Which embedding model should I use in 2026?

voyage-3-large is the strongest general-purpose embedding model right now and is Anthropic's recommended pairing with Claude. Use voyage-multilingual-2 if you serve non-English content. OpenAI's text-embedding-3-large is a solid alternative if you are already in the OpenAI ecosystem.

Pinecone or pgvector?

Default to pgvector. You get vectors next to your business data, one auth model, SQL joins, and no extra vendor. Move to Pinecone or Turbopuffer when you cross ~50M vectors or need multi-region replication you do not want to operate yourself.

How do I get citations from Claude?

Pass retrieved chunks as document content blocks and set citations: { enabled: true } on each one. Claude returns structured citation blocks alongside the answer text, with exact character spans into your source documents.

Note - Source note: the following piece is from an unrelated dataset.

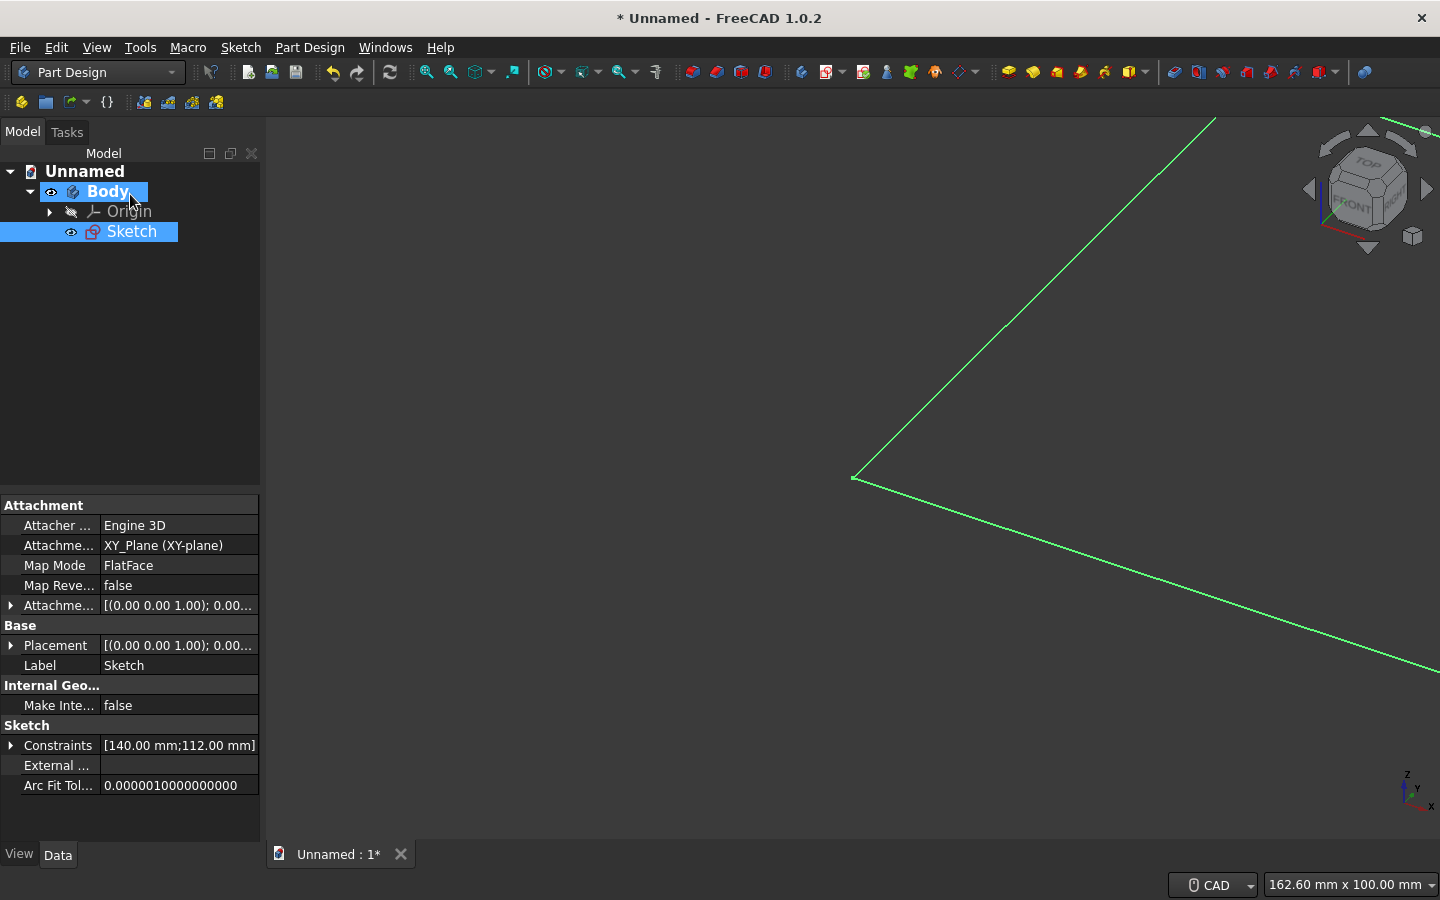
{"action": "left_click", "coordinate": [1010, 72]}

Render them as clickable footnotes in your UI.

How much does a production RAG system cost to run?

With prompt caching, hybrid search, and aggressive max_tokens caps, a typical support-style RAG query lands at $0.001–$0.003 on Claude Sonnet 4.5. Without those optimizations, the same query costs $0.01–$0.03. The optimizations are not optional at scale.

What is the difference between RAG and an agent?

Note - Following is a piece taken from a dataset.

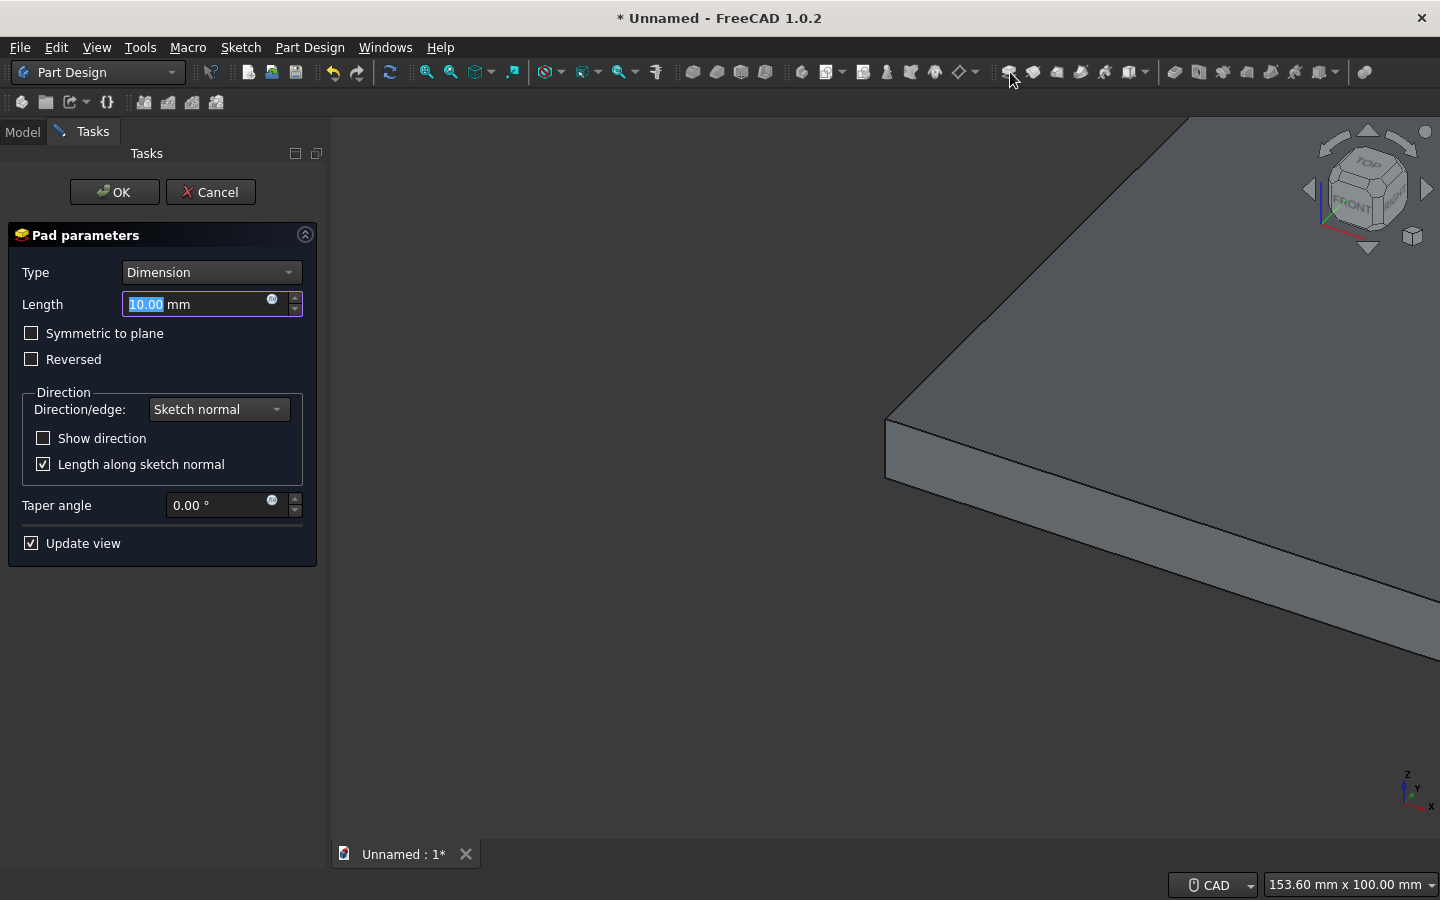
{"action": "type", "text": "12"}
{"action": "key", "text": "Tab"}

RAG is single-shot: retrieve → generate → return. An agent loops: it can rewrite the query, retrieve multiple times, call tools, and self-correct. For most knowledge-base questions RAG is enough. For multi-step research or transactional workflows you want an agent — see our breakdown in Claude API vs Claude Code.

Which framework should I use to orchestrate this?

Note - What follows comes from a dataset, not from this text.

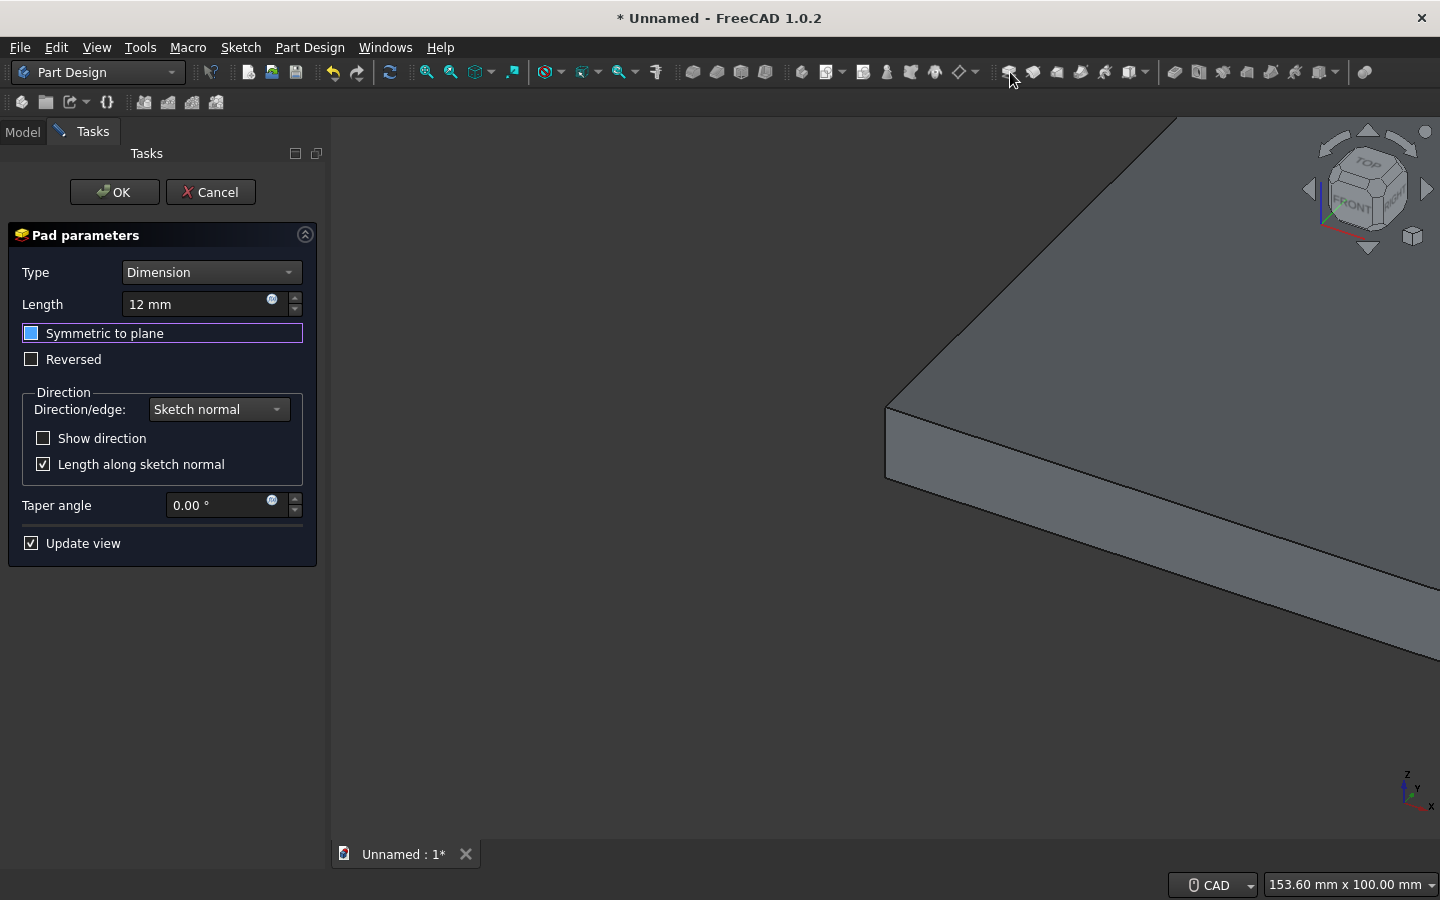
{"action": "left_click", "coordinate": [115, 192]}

For straightforward RAG, a thin TypeScript or Python wrapper over the Anthropic SDK is enough — frameworks add more weight than value. If you need agentic retrieval or multi-step workflows, LangGraph or the Claude Agent SDK are the strongest 2026 choices. Our best RAG frameworks post compares them in depth.

How do I evaluate retrieval quality?

Freeze a 100-question test set with ground-truth answers and relevant document IDs. Run Ragas (or Braintrust / Langfuse) on every pipeline change. Track context precision, context recall, faithfulness, and answer relevancy. Alert when any metric drops more than 5 points from baseline.